Что понимают под словом «экстремизм» российские власти? Перенесут ли они в Крым свой опыт борьбы с «террористами» на Кавказе? Об этом в эфире Радио Крым.Реалии ведущий Павел Новиков побеседовал с экспертом Украинского института исследования экстремизма Богданом Петренко и главным редактором издания «Кавказский узел» Григорием Шведовым.
Your browser doesn’t support HTML5
– Вот об Украине, в течении 25 лет говорили, что это такая, очень тихая территория, по сравнению с другими, бывшими республиками Советского Союза. У нас случаев экстремизма, терроризма практически не вспомнишь. Ну, что мы помним – днепропетровских террористов, васильковских террористов, и еще случай, когда в ходе так называемого теракта повредили памятник Сталину в офисе компартии в Запорожье. Больше я как то ничего и не вспомню. Мы действительно были настолько тихой страной?

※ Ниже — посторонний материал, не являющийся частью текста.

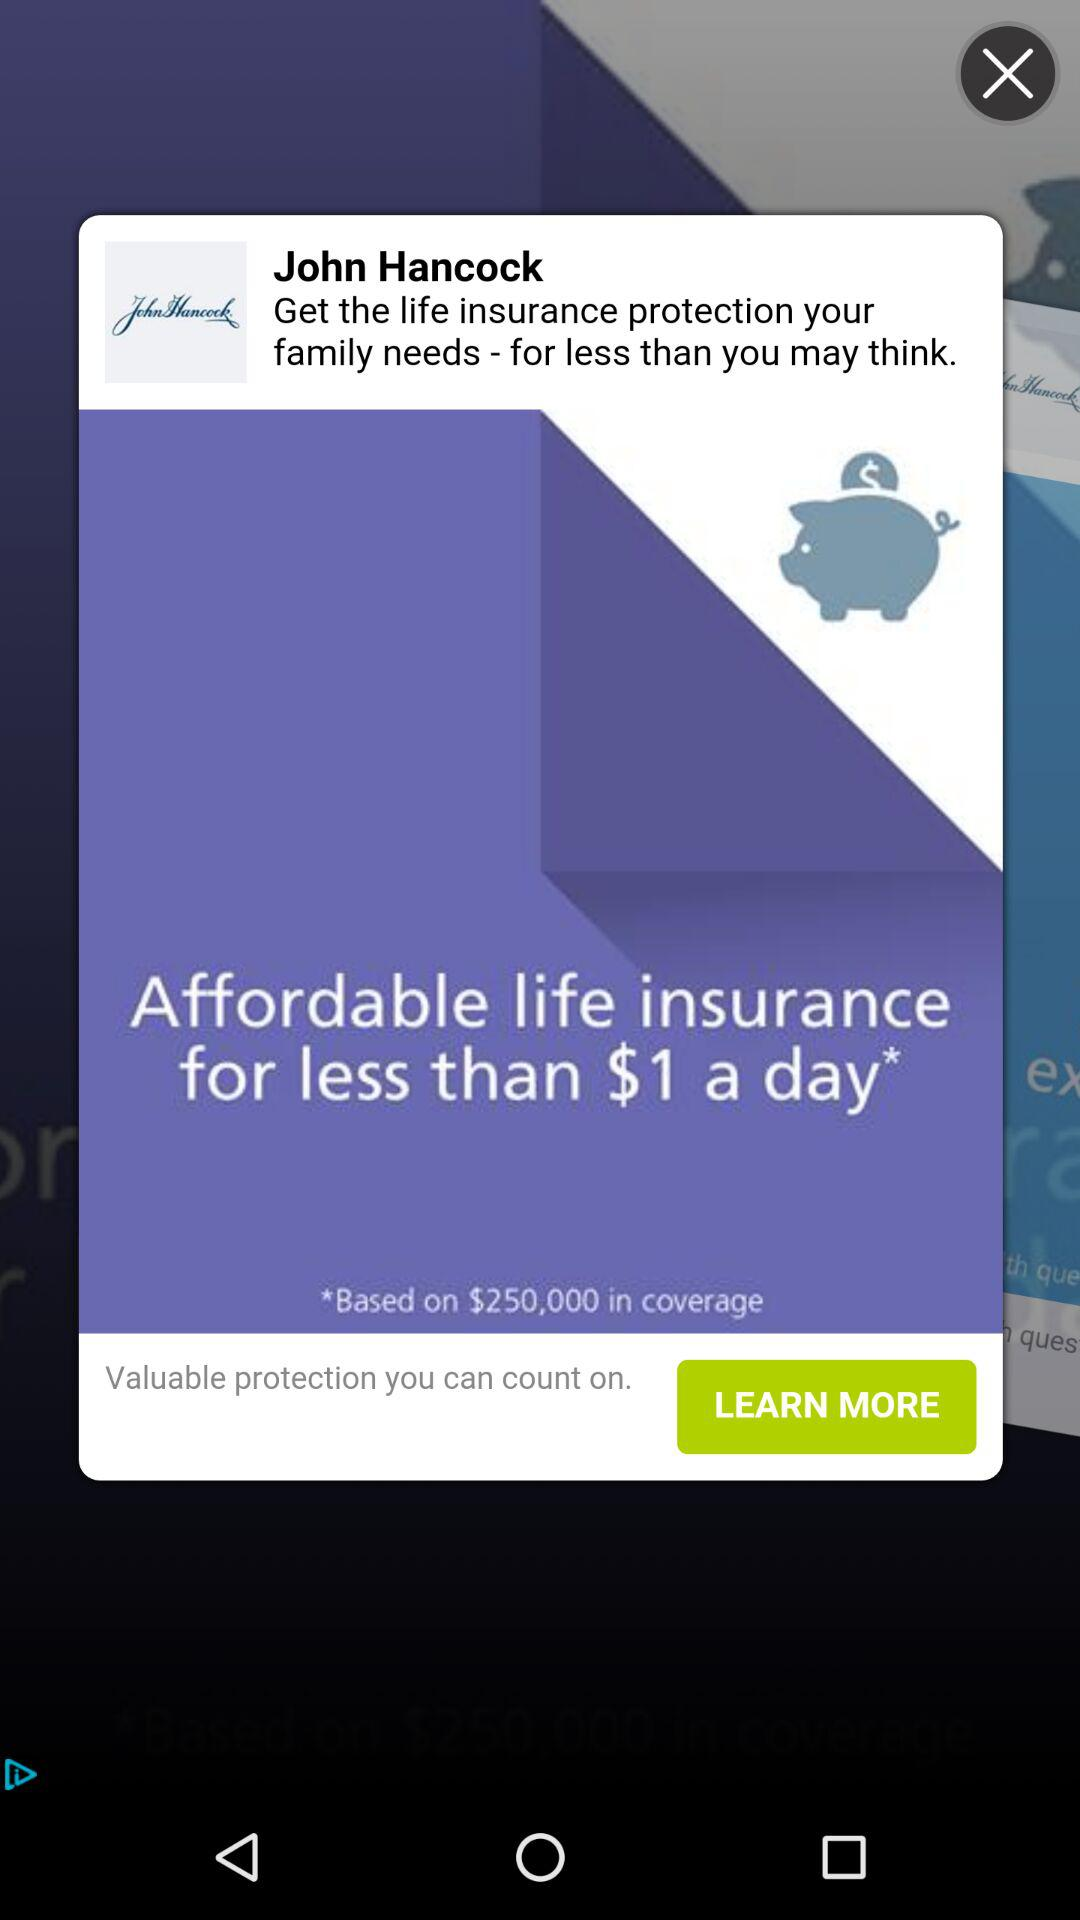How much life insurance coverage does the offer include?
Answer the question using a single word or phrase. $250,000 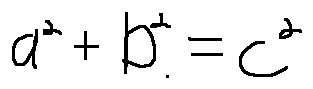<formula> <loc_0><loc_0><loc_500><loc_500>a ^ { 2 } + b ^ { 2 } = c ^ { 2 }</formula> 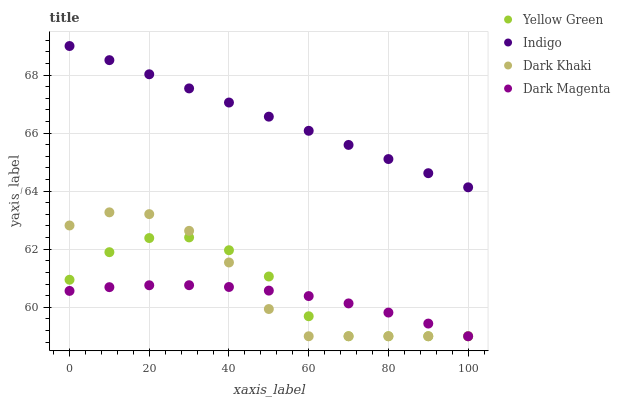Does Dark Magenta have the minimum area under the curve?
Answer yes or no. Yes. Does Indigo have the maximum area under the curve?
Answer yes or no. Yes. Does Yellow Green have the minimum area under the curve?
Answer yes or no. No. Does Yellow Green have the maximum area under the curve?
Answer yes or no. No. Is Indigo the smoothest?
Answer yes or no. Yes. Is Yellow Green the roughest?
Answer yes or no. Yes. Is Yellow Green the smoothest?
Answer yes or no. No. Is Indigo the roughest?
Answer yes or no. No. Does Dark Khaki have the lowest value?
Answer yes or no. Yes. Does Indigo have the lowest value?
Answer yes or no. No. Does Indigo have the highest value?
Answer yes or no. Yes. Does Yellow Green have the highest value?
Answer yes or no. No. Is Dark Khaki less than Indigo?
Answer yes or no. Yes. Is Indigo greater than Dark Khaki?
Answer yes or no. Yes. Does Yellow Green intersect Dark Khaki?
Answer yes or no. Yes. Is Yellow Green less than Dark Khaki?
Answer yes or no. No. Is Yellow Green greater than Dark Khaki?
Answer yes or no. No. Does Dark Khaki intersect Indigo?
Answer yes or no. No. 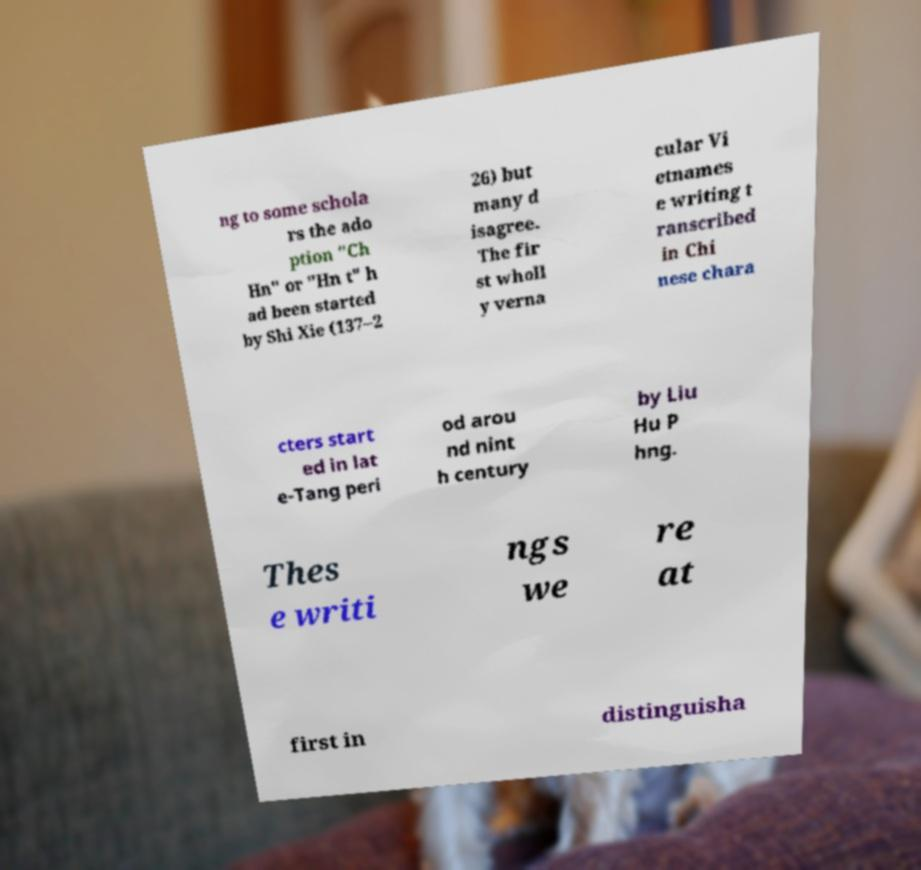Could you assist in decoding the text presented in this image and type it out clearly? ng to some schola rs the ado ption "Ch Hn" or "Hn t" h ad been started by Shi Xie (137–2 26) but many d isagree. The fir st wholl y verna cular Vi etnames e writing t ranscribed in Chi nese chara cters start ed in lat e-Tang peri od arou nd nint h century by Liu Hu P hng. Thes e writi ngs we re at first in distinguisha 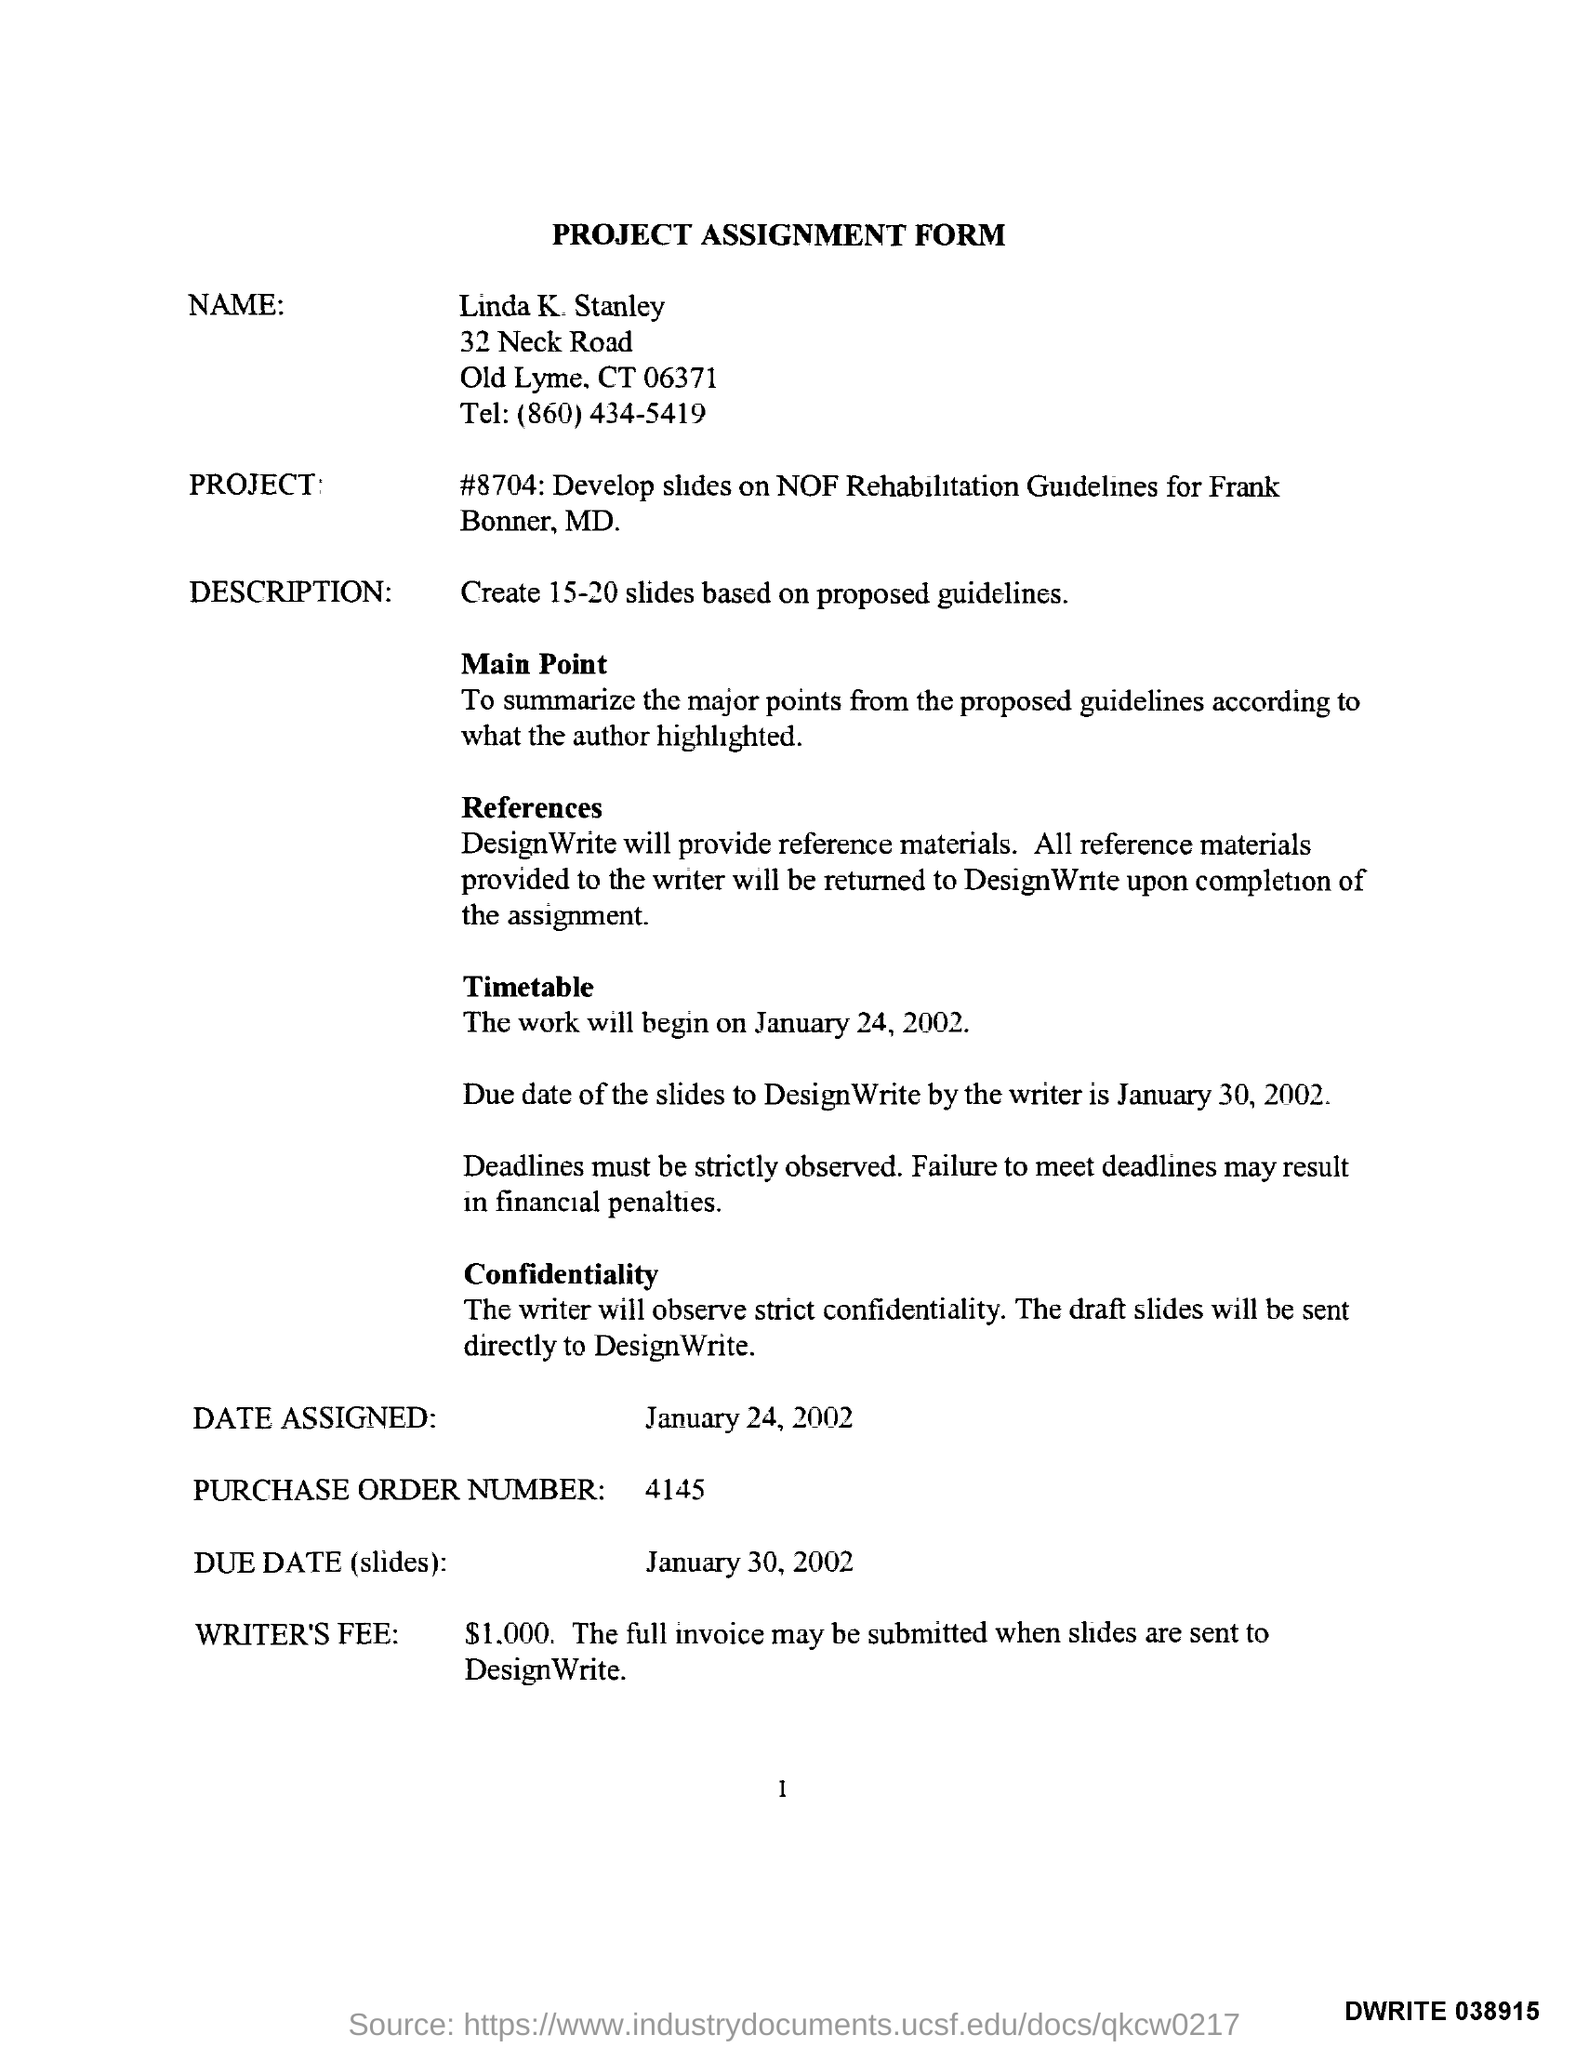What is the title of the document?
Offer a very short reply. Project Assignment Form. What is the purchase order number?
Your answer should be compact. 4145. What is the due date for slides?
Give a very brief answer. January 30, 2002. What is the telephone number of linda?
Provide a succinct answer. (860)434-5419.

– Да, это действительно интересный вопрос. Можно добавить еще несколько фактов – «Самостийна Украина», если помните, офис компартии они захватывали, и взрывы маршруток в Виннице. Но, в целом, ситуация была настолько спокойная, что и исследований, как таковых, у нас и не было. О чем это говорит? О том, что система работала, и сбои, если и были, то улаживались, как правило, компромиссными решениями.
– Система работала – это означает, что хорошо работали правоохранительные органы? Или то, что в обществе было согласие и не нужен был экстремизм?
– Скажем так, согласия, как такового, не существовало в чистом виде, но система артикуляции интересов работала настолько эффективно, что у людей не возникало желания выступать против власти с оружием. Много исследователей ссылается на то, что одна из причин экстремизма – это социальные условия. То есть, если человека загнать в нечеловеческие условия ну, с точки зрения, скажем, нищеты, то человек будет восставать против власти – это наследие марксизма-ленинизма. Потому что, по большому счету, в начале 90-х, у нас были годы, когда люди жили значительно беднее, чем сейчас, и тогда никто против власти не вставал.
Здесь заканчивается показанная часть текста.